• _Problem to solve_
Take the line that contains "#2 pedestrian <box>241,235,258,284</box>" and each line after it to the end of the material below, and return them exactly, minus the pictures.

• _Supplied records_
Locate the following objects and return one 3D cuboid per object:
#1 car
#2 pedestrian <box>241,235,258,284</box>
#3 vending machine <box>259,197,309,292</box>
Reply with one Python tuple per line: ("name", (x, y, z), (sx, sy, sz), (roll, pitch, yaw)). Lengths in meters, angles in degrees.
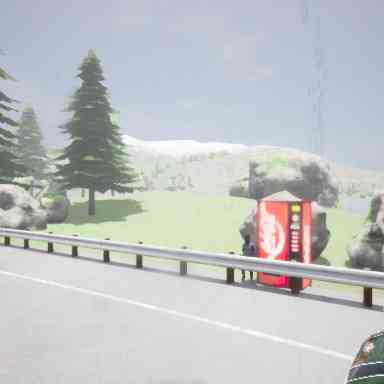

• _Reply to the exercise_
#2 pedestrian <box>241,235,258,284</box>
#3 vending machine <box>259,197,309,292</box>
Reply with one Python tuple per line: ("name", (x, y, z), (sx, sy, sz), (roll, pitch, yaw)). Lengths in meters, angles in degrees.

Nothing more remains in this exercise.